I would like to understand the model. What is CNORM? On which interval was the model trained and on which was it tested? Do I understand correctly that the first 100 rows of Excel spreadsheets are training data? Why they are so few (equal to the number of dependent variables in the model)?

I would like to understand one thing, if you're predicting ZZ, how do you calculate the predicted ZigZag step?
 
Trolls:
  1. It has been mathematically proven for many years that if the model and the process being analysed coincide (in your terms the "correct model") then the Kalman filter gives the best 1 step forward prediction. Search the forum for it...
  2. You've been told many times, your model is wrong. Are you stuck with this regression model that no other models exist ?...the whole world in all its diversity is described by this simple model ?...
  3. And about the type of ACF you have already been told here more than once, and its properties ...

Here is a link to my work which has been there for a long time(https://www.mql5.com/ru/code/8295).... ACF and if you look closely there are two curves. The first curve is (blue line), the second red one is the ACF of quotes. You can compare them (visually)...

There is a model (it exists and has been known for a long time) with which you can describe the corit with sufficient accuracy for practice and it is not a regression model. It's true that econometrics textbooks probably say nothing about this model... look for other textbooks

Good luck to everyone. Happiness and health in the coming year!!!

(in your terms "correct model")

Correct means it has certain properties. These properties are not discussed by anyone.

then the best prediction 1 step ahead is the Kalman filter. Search the forum for it...

In EViews there is a model called state space, so Kalman filter. But I can't formulate such a model, although by all accounts it's the most promising one.

  1. And about type of ACF you were already told here more than once, and its properties...

Here's a link to my work has been lying there for a long time(https://www.mql5.com/ru/code/8295).... ACF and if you look closely there are two curves. The first curve is (blue line), the second red one is the ACF of quotes. You can compare them (visually)...
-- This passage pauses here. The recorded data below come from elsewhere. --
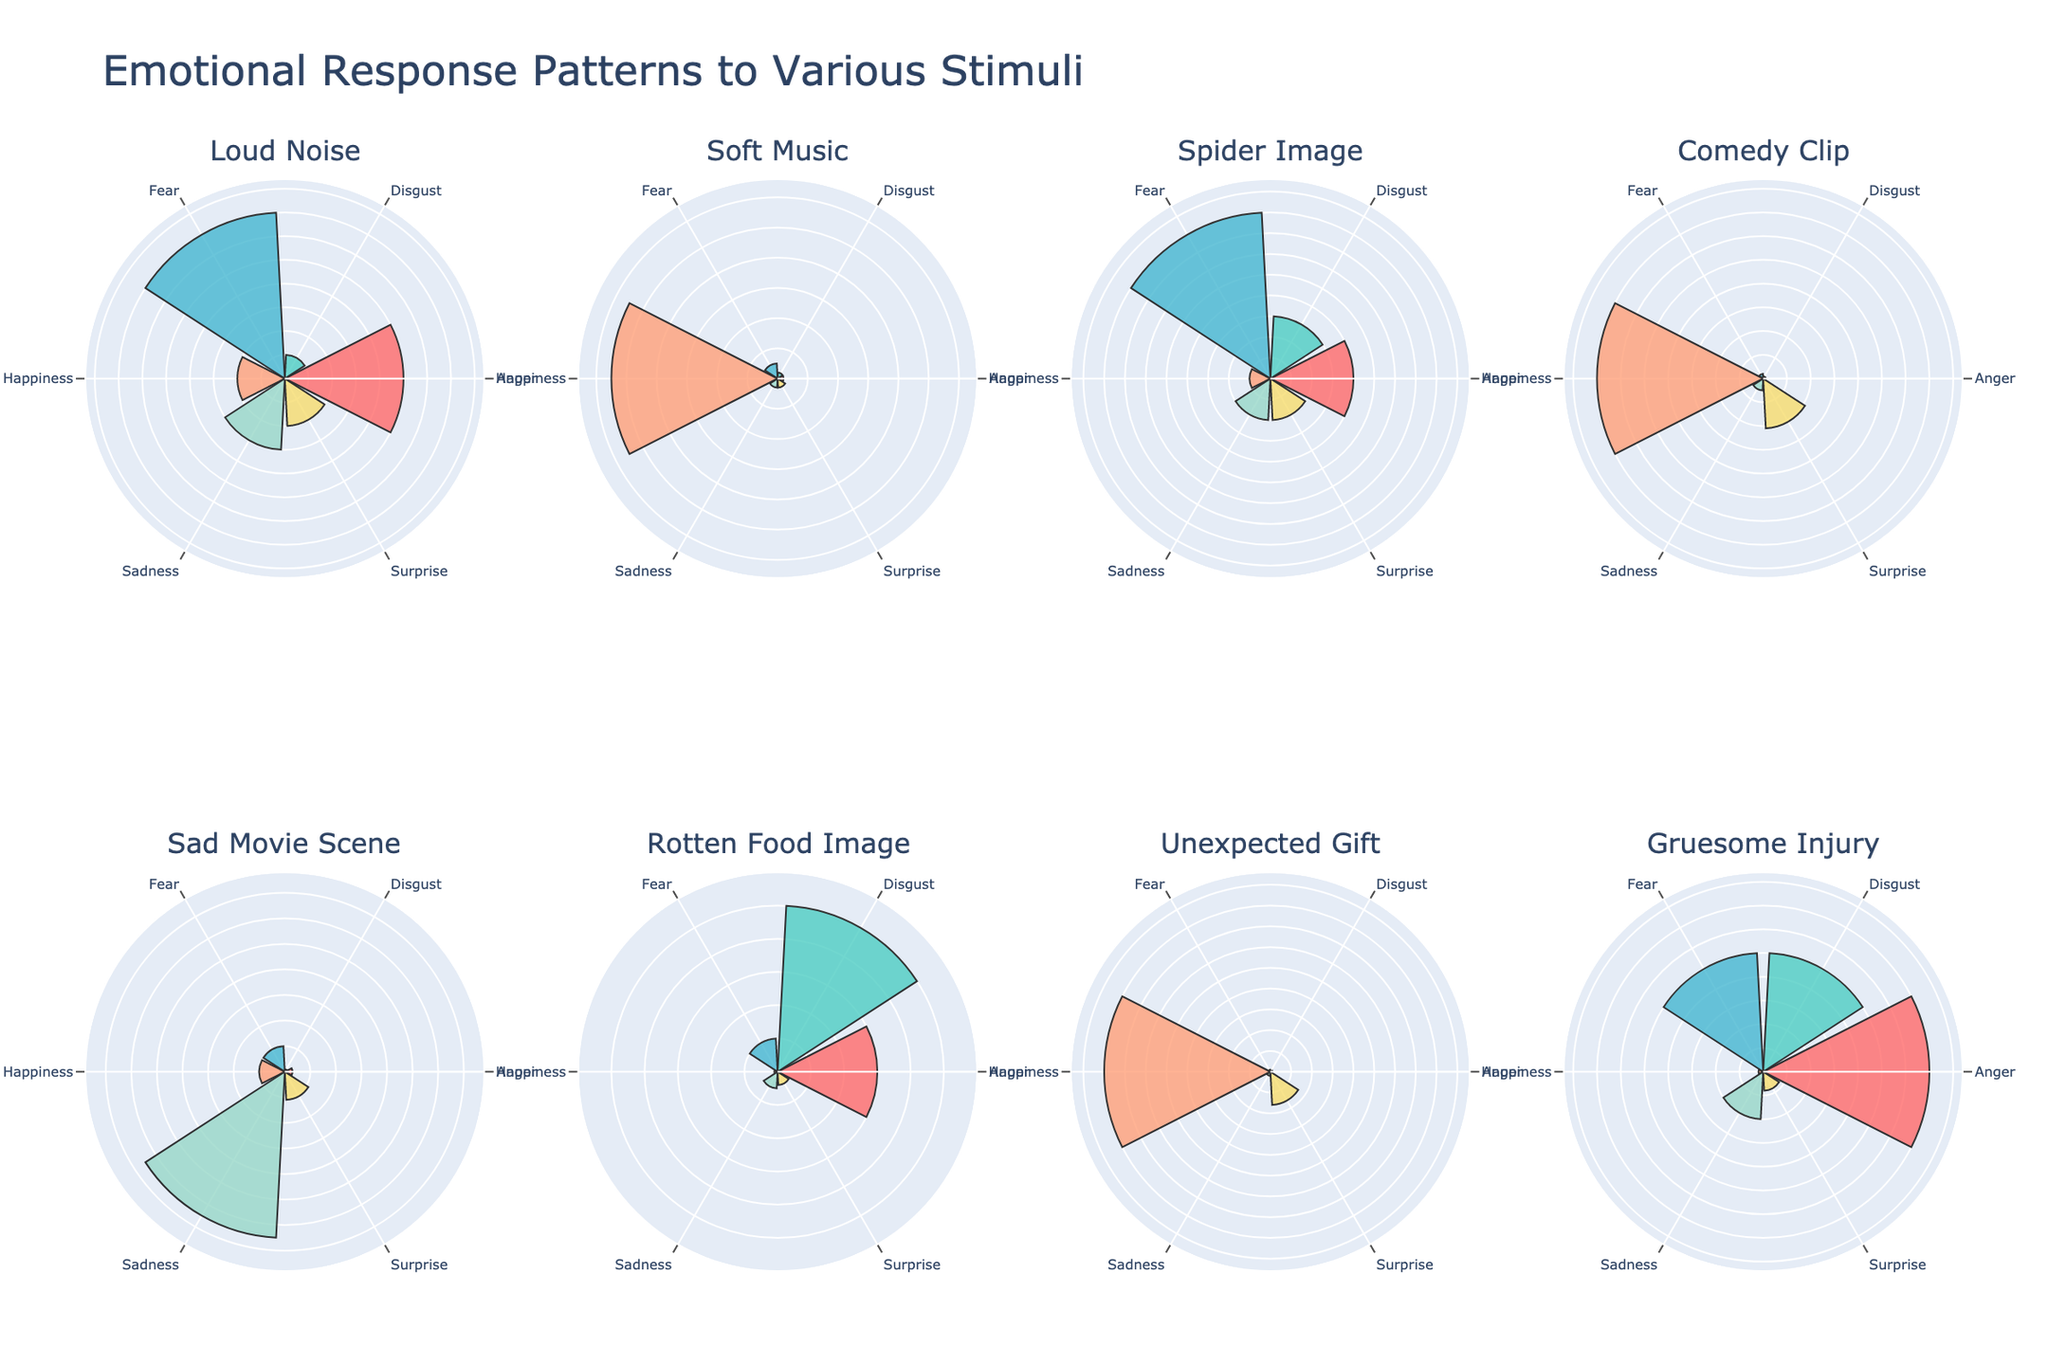What's the dominant emotional response for the Loud Noise stimulus? Observe the bar lengths in the Loud Noise subplot and identify the longest bar. The 'Fear' bar is the longest.
Answer: Fear Which stimulus triggered the highest amount of Happiness? Check the length of the Happiness bar across all subplots. The bar is longest for 'Unexpected Gift'.
Answer: Unexpected Gift Compare the Surprise response between Soft Music and Comedy Clip. Which one is higher? In the Soft Music subplot, the Surprise bar length is lower than that in the Comedy Clip subplot. The Comedy Clip has a higher Surprise response.
Answer: Comedy Clip What's the combined value of Anger and Disgust for the Rotten Food Image stimulus? Identify the individual values of Anger and Disgust for Rotten Food Image, which are 30 and 50 respectively. Sum these values: 30 + 50 = 80.
Answer: 80 What's unique about the emotional response to Soft Music compared to other stimuli? None of the other stimuli have Happiness as the dominant emotional response like Soft Music. The Happiness response is overwhelmingly higher than other emotions for Soft Music.
Answer: Happiness is dominant For which stimulus is Sadness the most significant emotional response? Check all subplots and see where the Sadness bar is the longest. It is the longest for 'Sad Movie Scene'.
Answer: Sad Movie Scene Among Loud Noise, Spider Image, and Gruesome Injury, which one has the highest Anger response? Compare the Anger bar lengths among these subplots. Gruesome Injury has the longest Anger bar.
Answer: Gruesome Injury On average, what is the Surprise response for all stimuli? Add the Surprise values for all stimuli and divide by the number of stimuli (10+3+10+21+11+4+16+4=79, 79/8=9.875).
Answer: 9.875 Which stimulus triggers a near-equal response between Anger and Fear? Compare the bar lengths for Anger and Fear in each subplot. The 'Gruesome Injury' has relatively similar lengths for Anger and Fear.
Answer: Gruesome Injury

Your post about AFC I did not understand anything.

there is a model (it exists and has long been known) it can be used to describe kotir with sufficient accuracy for practice, and it is not a regression model.

What if you don't intrigue?

 

anonymous:



1. That the trend is lost in the transition to increments. This is not true, as the presence of a trend will directly affect the conditional expectation of the increments. Thus the prediction of one is equivalent to the prediction of the other.
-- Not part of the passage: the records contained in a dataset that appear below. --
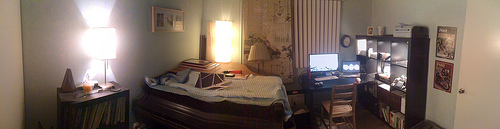Tell me more about the artwork on the wall. The artwork on the wall appears to be a framed poster or print, featuring what seems like an illustration or a photograph with a blend of darker and vibrant colors, adding a touch of personality to the room. 
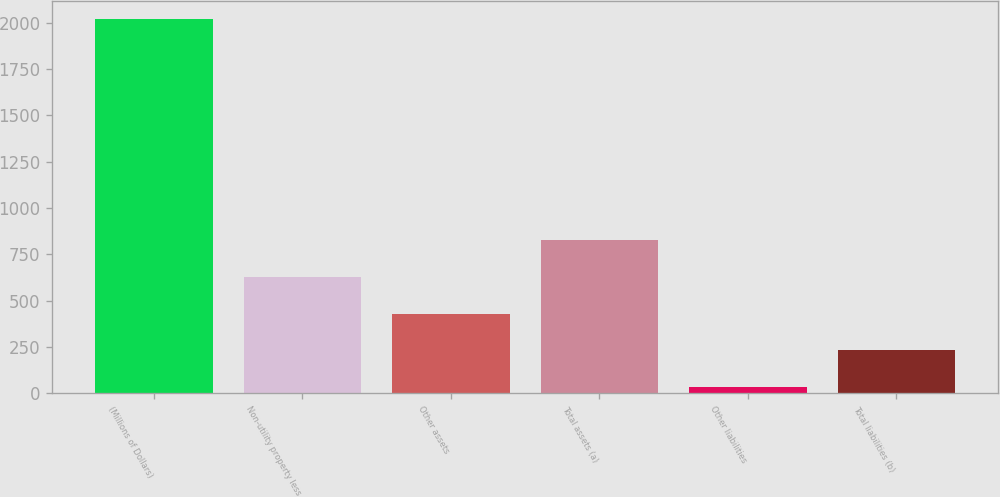Convert chart to OTSL. <chart><loc_0><loc_0><loc_500><loc_500><bar_chart><fcel>(Millions of Dollars)<fcel>Non-utility property less<fcel>Other assets<fcel>Total assets (a)<fcel>Other liabilities<fcel>Total liabilities (b)<nl><fcel>2018<fcel>628.5<fcel>430<fcel>827<fcel>33<fcel>231.5<nl></chart> 
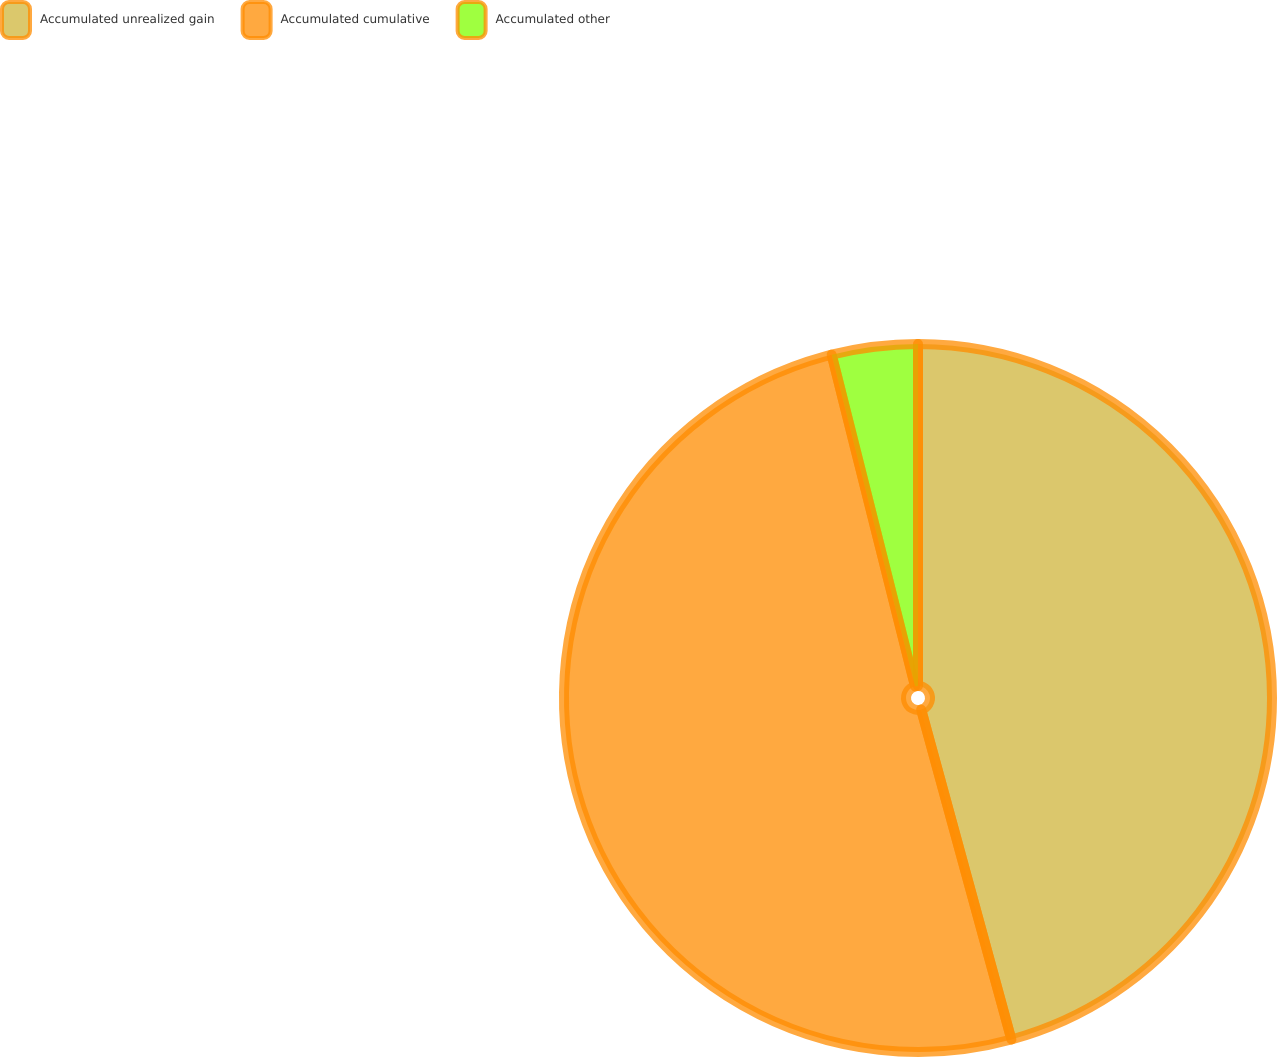Convert chart. <chart><loc_0><loc_0><loc_500><loc_500><pie_chart><fcel>Accumulated unrealized gain<fcel>Accumulated cumulative<fcel>Accumulated other<nl><fcel>45.75%<fcel>50.33%<fcel>3.92%<nl></chart>

2. That the incremental model does not have the property of reversibility. Again, this is not true, because we know the last price level. By predicting the increments, taking the cumulative sum from them and adding the last known value of price - we get an unambiguous transition in time/price space

I assert only one thing - the result on increments is much worse than on levels. That's me and I don't generalise this result. It is possible for someone else to get it.

One can be a theorist, build models with R^2 close to one and earn nothing from it. It is possible to be a practitioner and evaluate models from the perspective of expected profit and associated risks. The first case is good if you want to write an article/dissertation/whatever. If you want to make money, estimate models by profit/risk first, and only then by R^2 and other statistics.
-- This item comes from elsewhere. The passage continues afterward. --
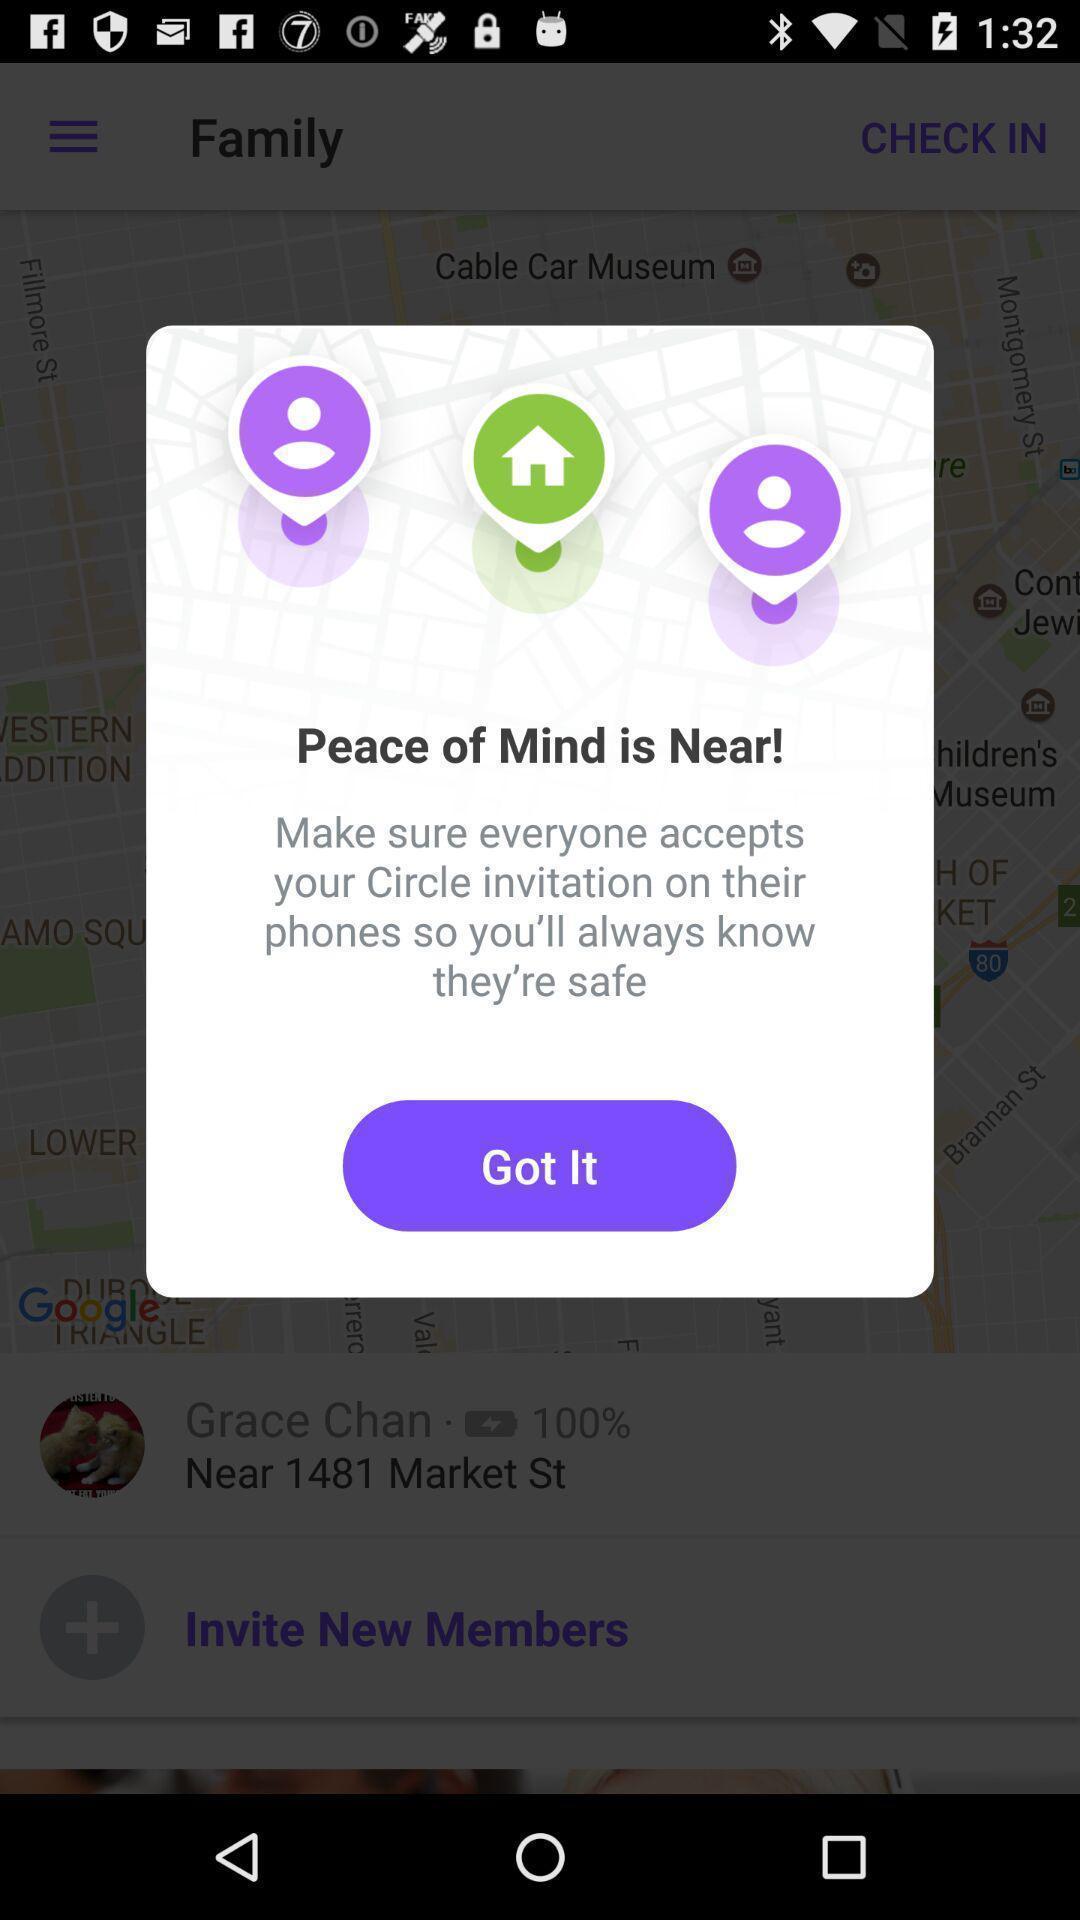Please provide a description for this image. Pop-up showing option like got it.

You can only look at tests inside the sample after you have obtained a stable positive result outside the sample. Otherwise you are wasting your time.

I disagree with many on the forum on this point. If you want a truck and you get a bicycle, a successful bike test will not prove that you have a truck. It's all randomness that is bound to come out in the real world.

NS takes the place of non-linear regression models.

Once again. NS doesn't solve problems in all their diversity. Your comment about non-linearity shows this. What are non-linear regression models ? by variables or by parameters ? And are the parameters roughly constants or random variables ? and if random, what are their characteristics ? This is to the question of NS. They have their own place.